[erlang-questions] Printed list to Erlang function

Thu Mar 31 00:43:39 CEST 2016

On 31/03/16 9:11 am, Hynek Vychodil wrote:
> On Wed, Mar 30, 2016 at 8:23 PM, Jason Douglas <jasond@REDACTED 
> <mailto:jasond@REDACTED>> wrote:
>
>     At very large sizes though, wouldn’t the map (with O(1) access)
>     become faster than the trie built by the compiler (which will be
>     proportional to lookup term length, when sufficiently dense)?
>
Suppose you are looking up a key of length L in a map, and that everything
goes right.  The hash function will (if it is a *good* one) examine 
every part
of the key, so hashing will take O(L).  Assuming everything goes right, it
will take O(1) time to find the right bucket and there will be only one item
in it, but it will take another O(L) to confirm that you have indeed 
found the
right key.  So maps are *NOT* O(1), they are O(L).

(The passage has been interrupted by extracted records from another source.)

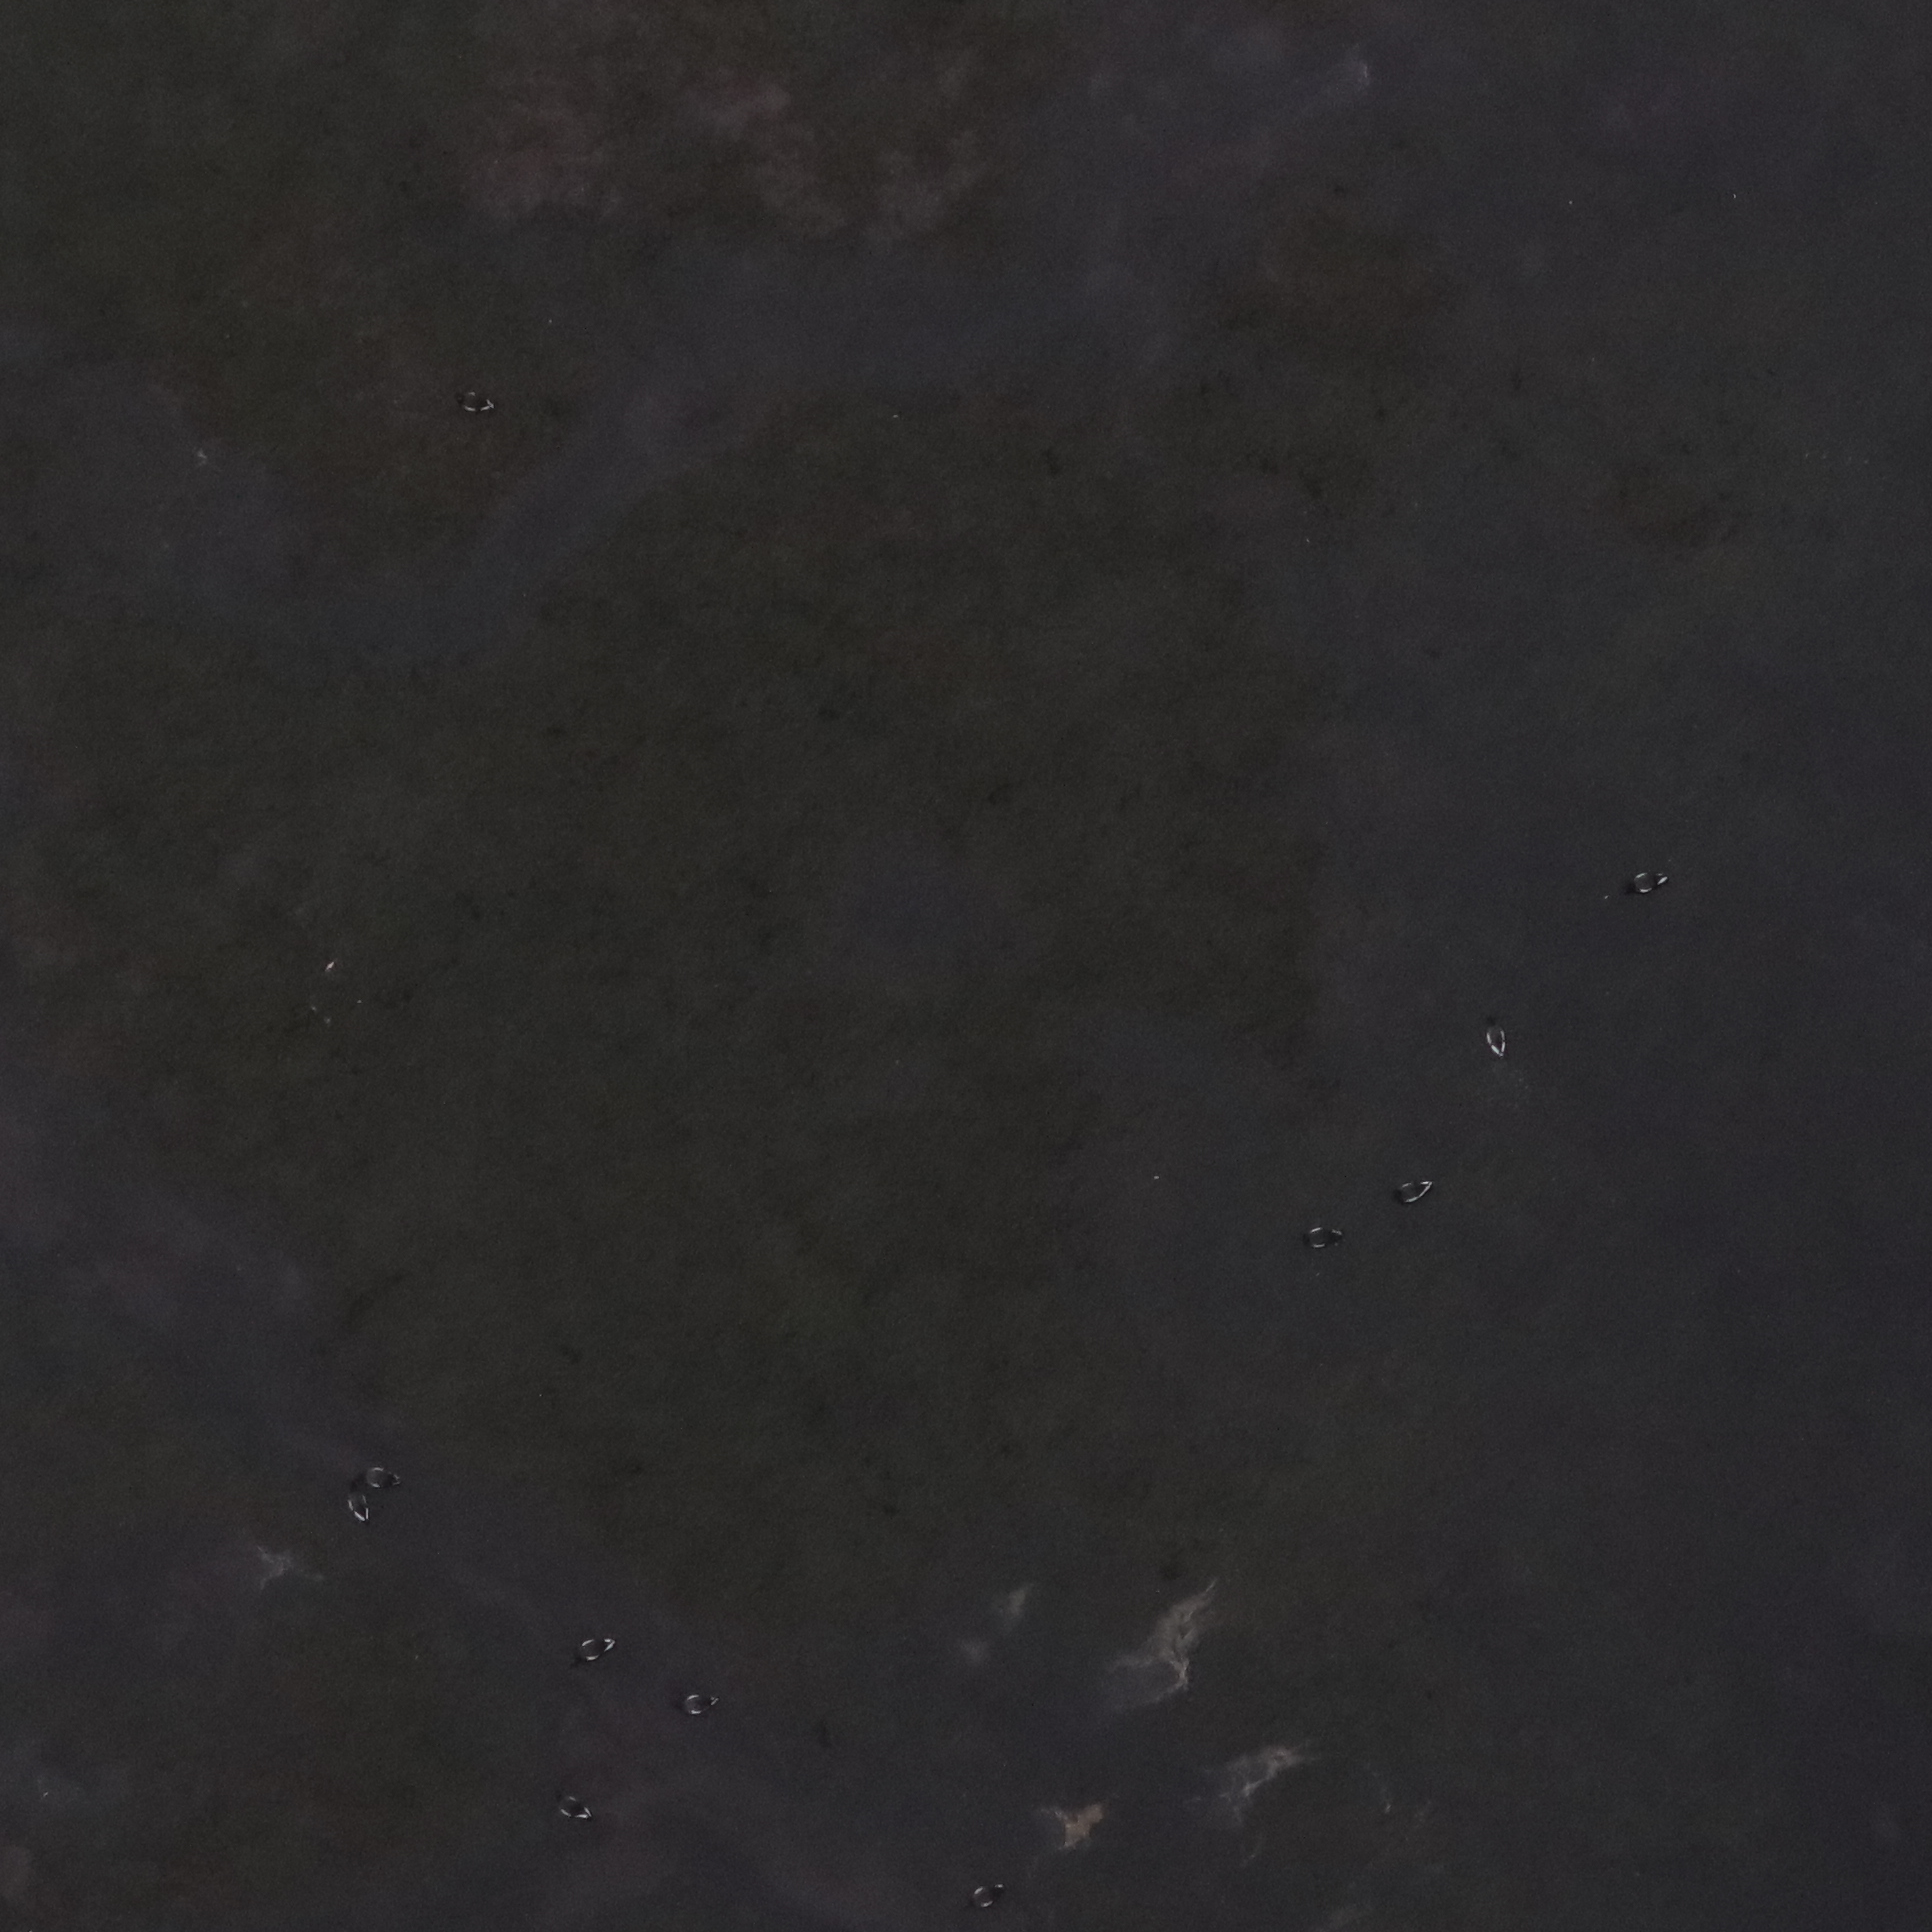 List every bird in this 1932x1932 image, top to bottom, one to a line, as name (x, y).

brant (474, 402)
brant (1646, 883)
brant (1495, 1035)
brant (1412, 1191)
brant (1322, 1238)
brant (377, 1478)
brant (358, 1507)
brant (595, 1650)
brant (695, 1704)
brant (573, 1807)
brant (987, 1896)

What about a trie?  A trie over a binary alphabet takes O(1) time per
element of the key, for a total of O(L).  The constant factor could go
either way depending on the implementation.

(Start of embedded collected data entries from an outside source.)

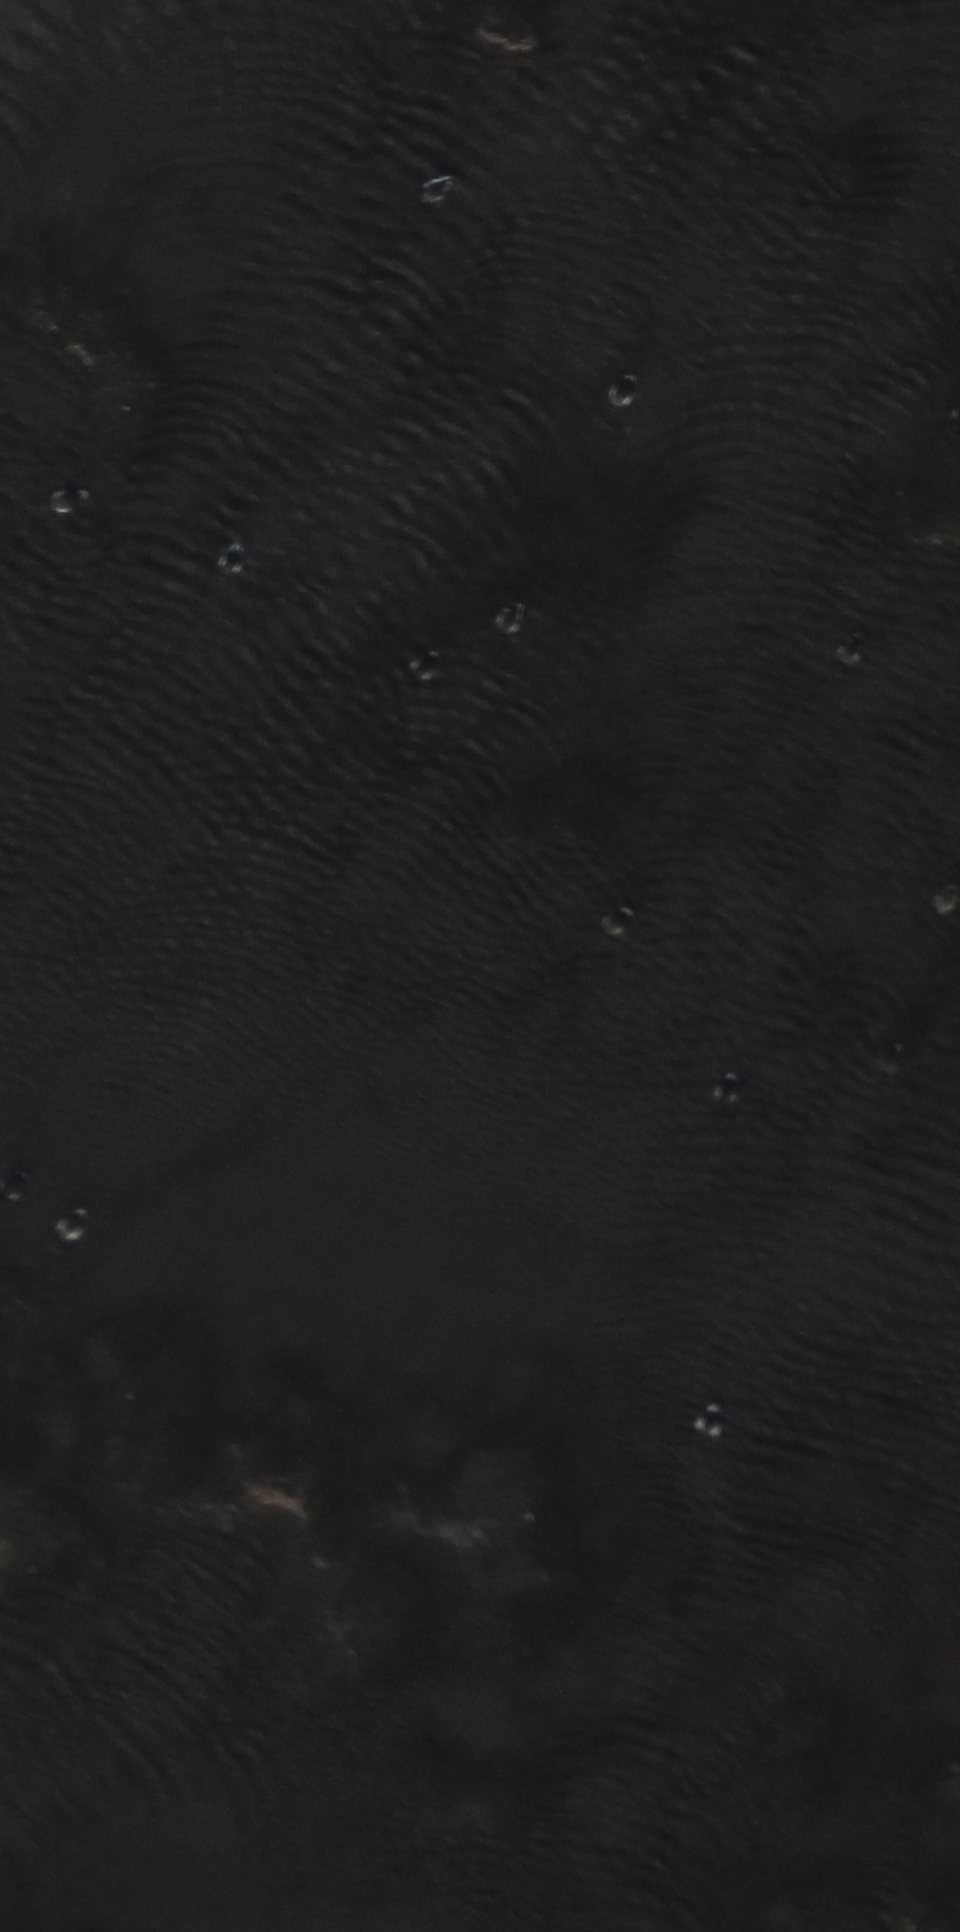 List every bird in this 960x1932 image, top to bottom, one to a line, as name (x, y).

brant (436, 190)
brant (623, 388)
brant (66, 501)
brant (231, 565)
brant (511, 619)
brant (852, 653)
brant (426, 665)
brant (622, 917)
brant (735, 1089)
brant (9, 1184)
brant (72, 1227)
brant (710, 1420)

But of course this *isn't* a binary alphabet.  Let B be the average
branching factor of the trie; the cost will be O(L.B) with a linear
search at each node, O(L.log(B)) with a binary search at each node,
or O(L) with some sort of local hashing.  And this depends on exactly
what the compiler does, and may change from release to release.

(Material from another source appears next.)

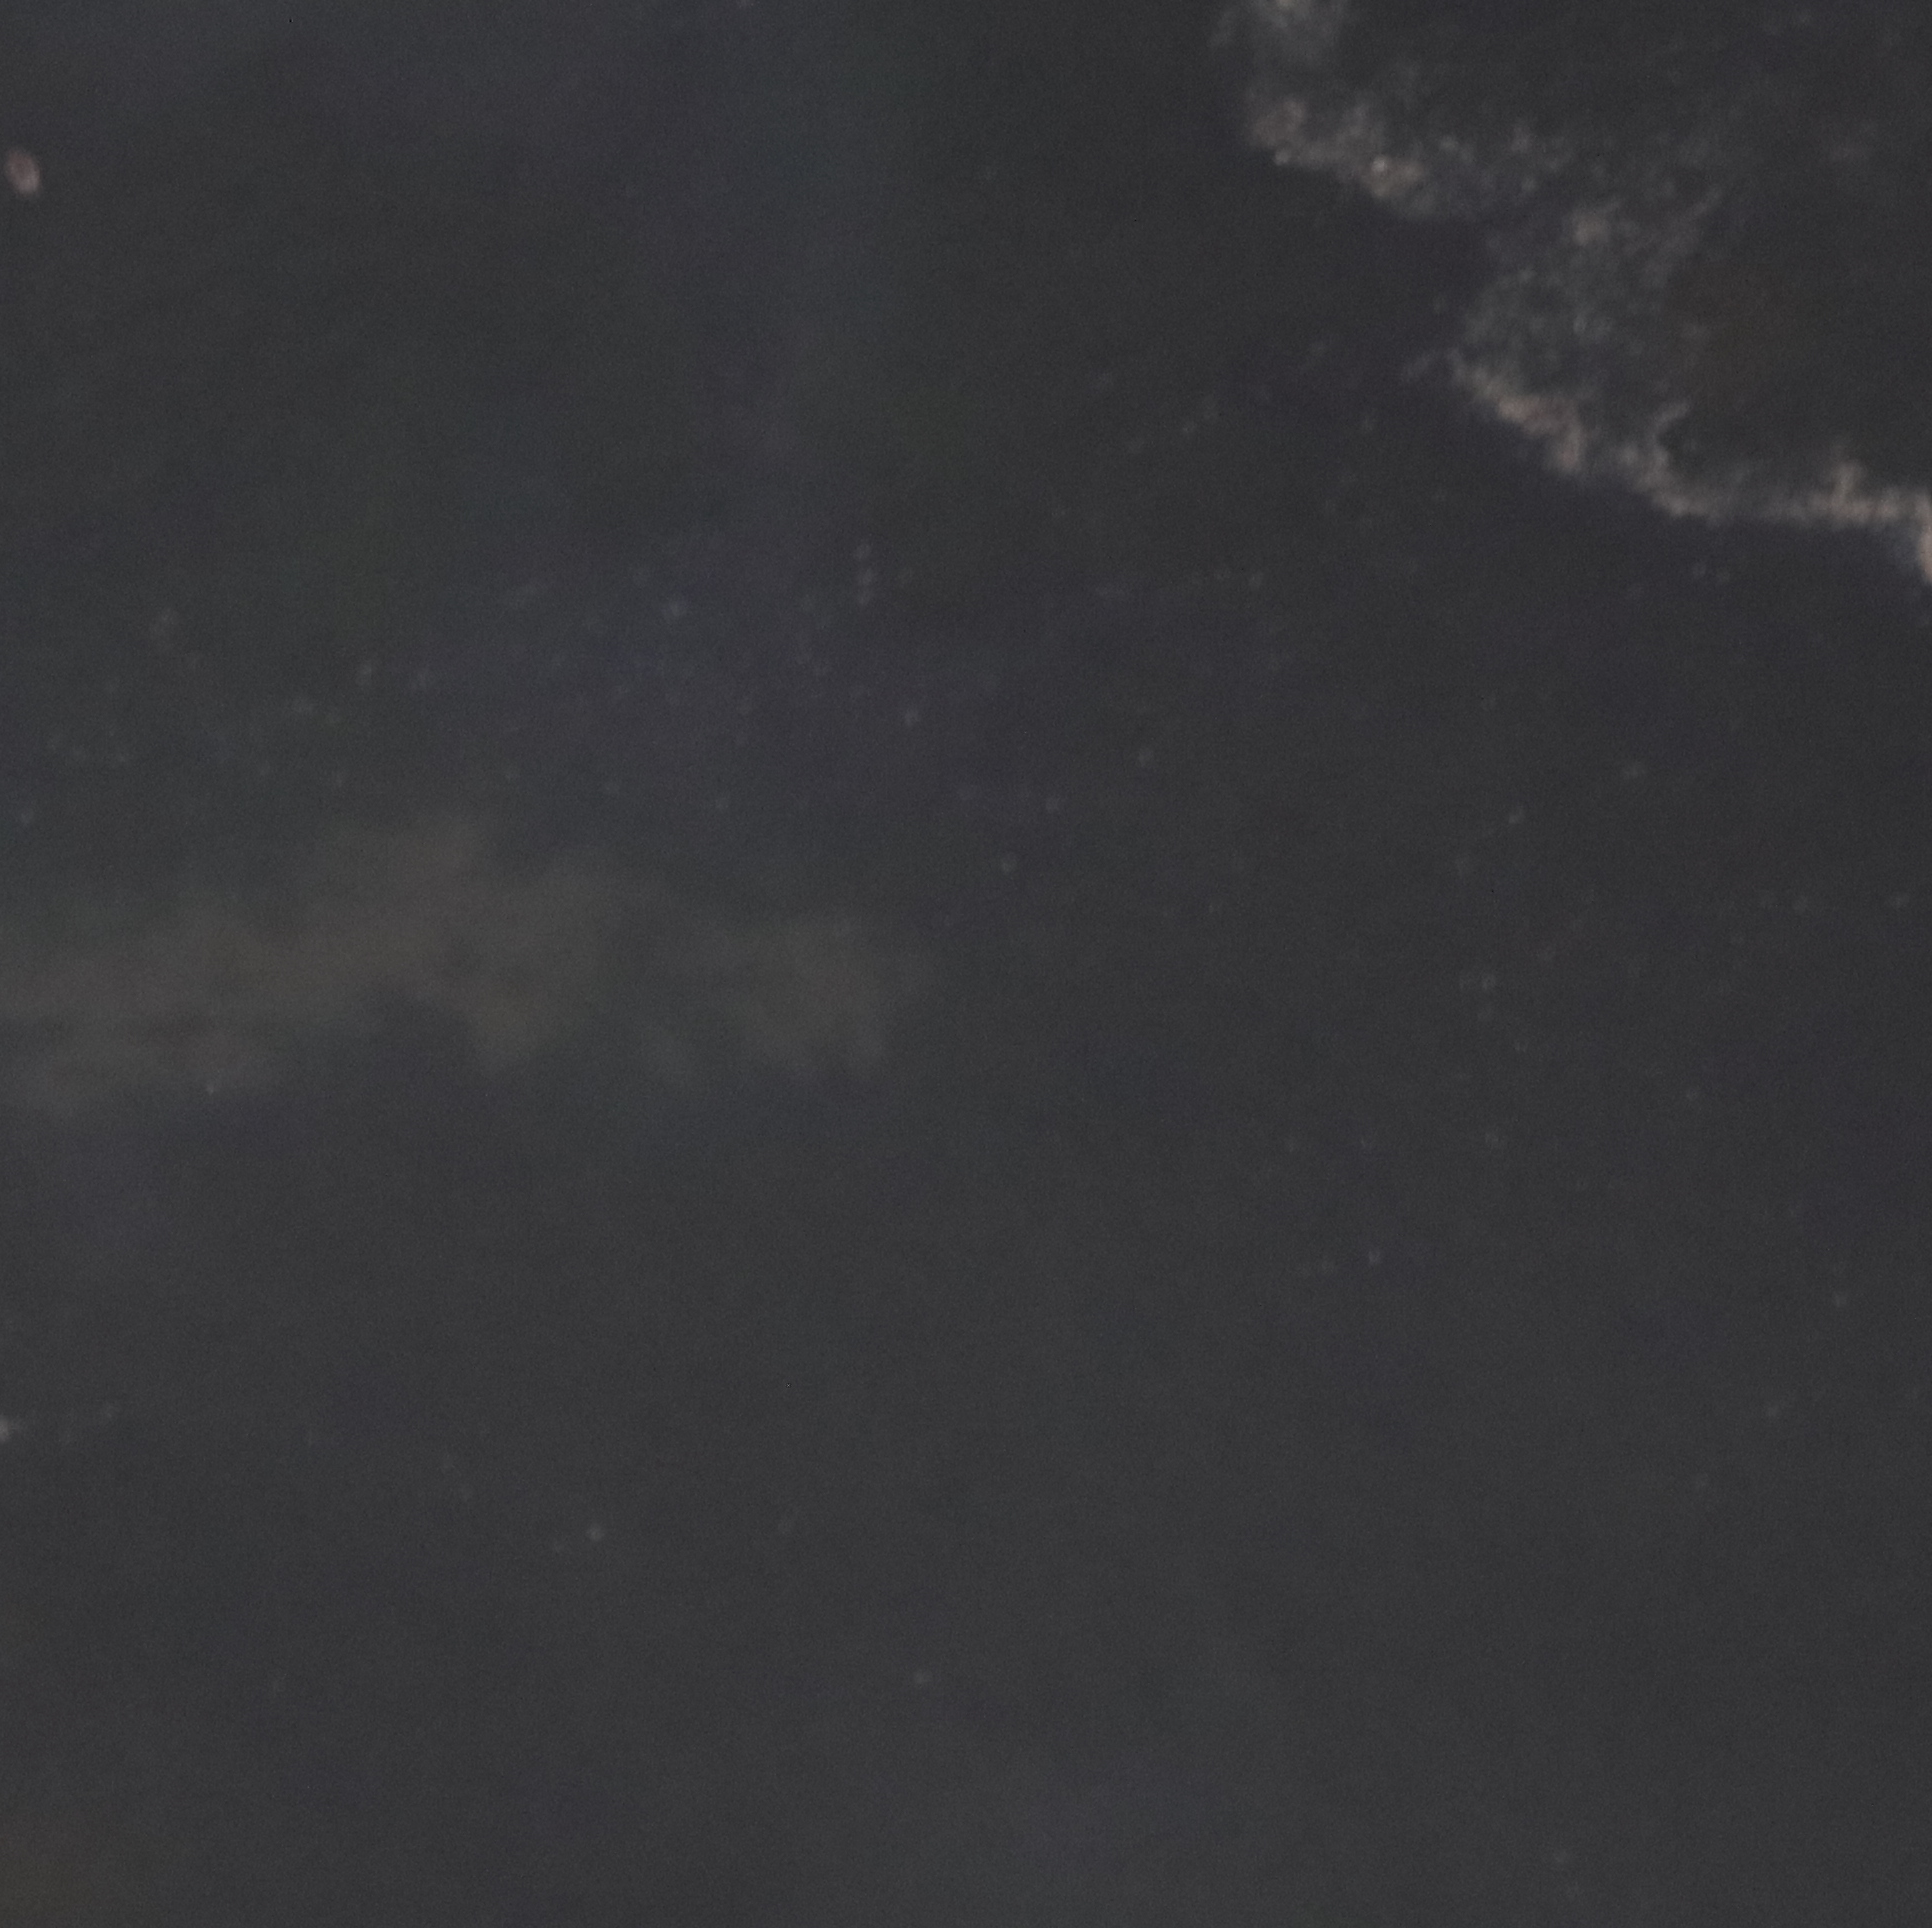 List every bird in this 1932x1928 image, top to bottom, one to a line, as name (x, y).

For the record, I never said that the trie would beat a map.
I said it would beat lists:member/2.

Concerning good hash functions, see
"Hashing in Smalltalk: Theory and Practice" by Andrés Valloud.
It's not just the best book I know that explains how to actually
construct and evaluate hash functions for a variety of data
structures, it's the *only* one.  (I have a paper about how to
compute hash functions of sets and dictionaries; we can do a
lot better than the simplistic combine-using-plus-or-xor that's
usually done.  Haven't found a journal to take it yet.)